2016-04-05

Doctests, Unicode Literals, and Python 2/3 Compatibility

I rarely use doctests, but I do have some code that uses them.

Although I still mostly write Python 2, I usually import several features of Python 3:

from __future__ import unicode_literals, print_function, absolute_import

Unfortunately unicode_literals doesn’t play well with doctests.
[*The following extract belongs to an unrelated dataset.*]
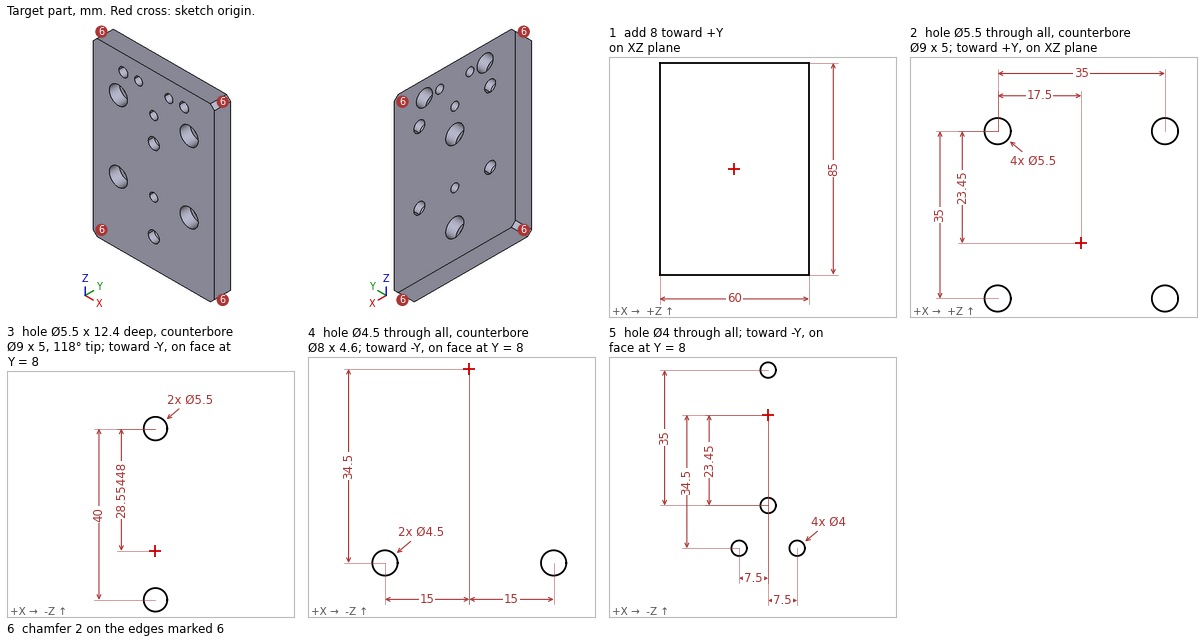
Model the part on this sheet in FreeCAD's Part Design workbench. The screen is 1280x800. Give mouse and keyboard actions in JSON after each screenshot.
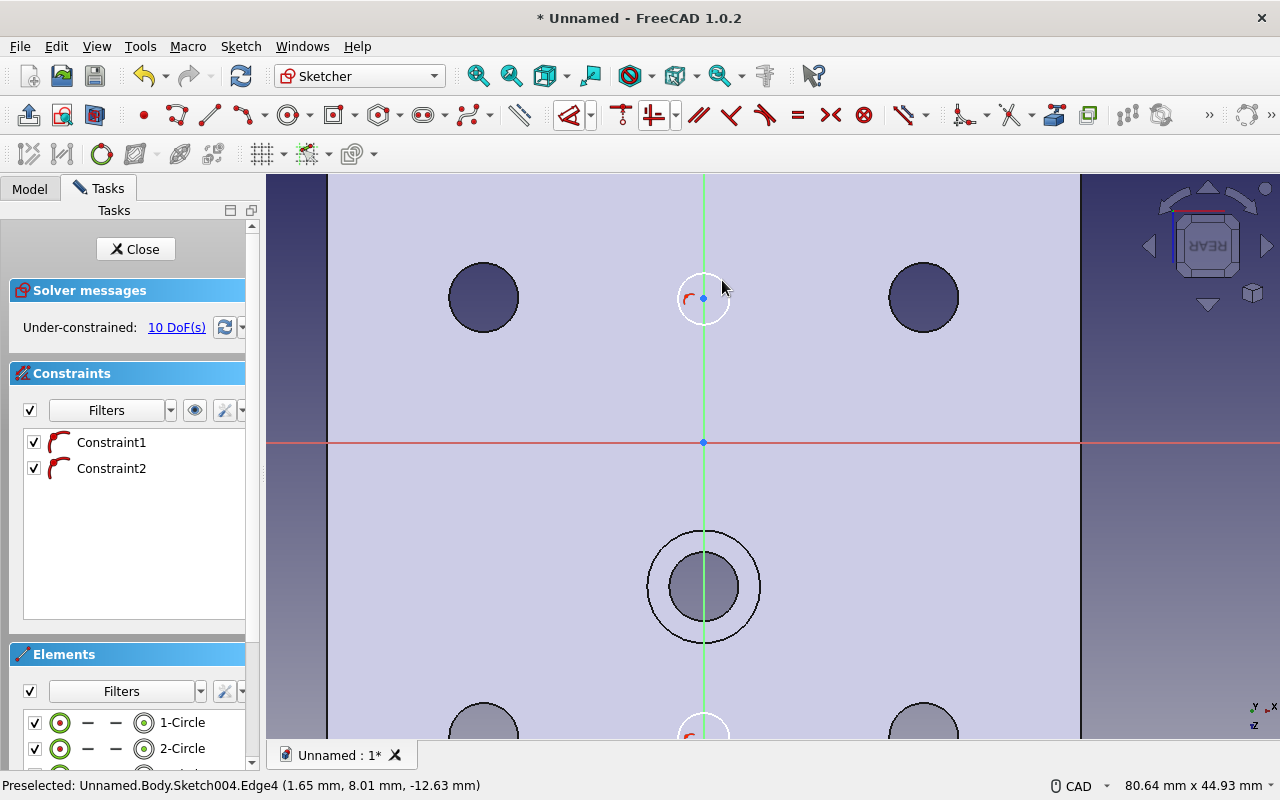
{"action": "scroll", "coordinate": [705, 298], "scroll_direction": "down", "scroll_amount": 3}
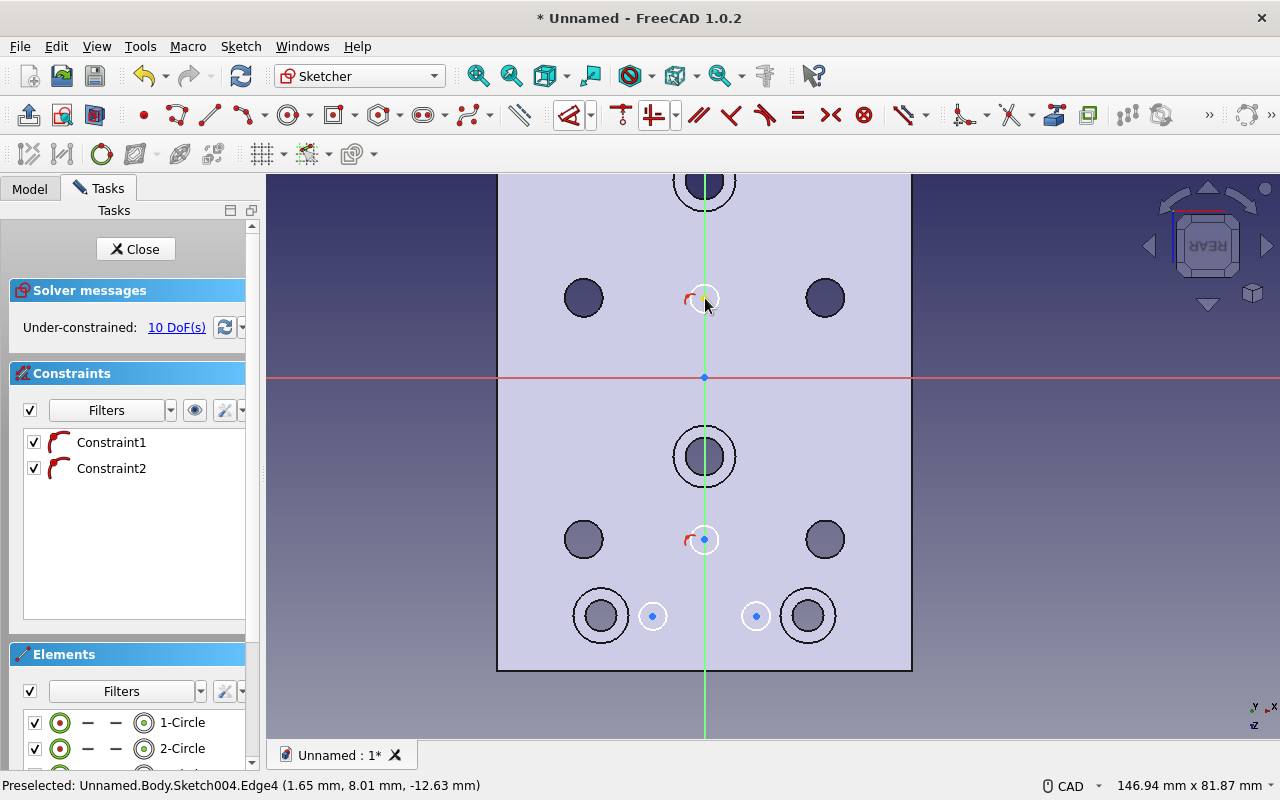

The following code will pass with python2 -m doctest demo.py, but not with python3:

from __future__ import unicode_literals, print_function, absolute_import

def upper(s):
    """
    Convert `s` to upper case.

    >>> upper('Hello!')
    u'HELLO!'
    """
    return s.upper()

Python 3 complains:

Failed example:
    upper('Hello!')
Expected:
    u'HELLO!'
Got:
    'HELLO!'

The problem is that Python 2’s repr for a Unicode string prefixes the string with u, while Python 3’s repr does not (all strings are Unicode).

The test can be made to pass by removing unicode_literals from the from __future__ import, but this also removes the benefit of implicitly forcing all string literals to be Unicode.

Another workaround is to use six thus:

from __future__ import unicode_literals, print_function, absolute_import

import six

def upper(s):
    """
    Convert `s` to upper case.

    >>> upper('Hello!') == six.text_type(u'HELLO!')
    True
    """
    return s.upper()

This works, but is less clear. If the assertion fails, complaining about True instead of HELLO! is far less clear.

Lennart Regebro has a good discussion of other doctest migration problems. If you’re willing to use a more sophisticated method of running doctests, you can try a doctest output checker or a nose plugin.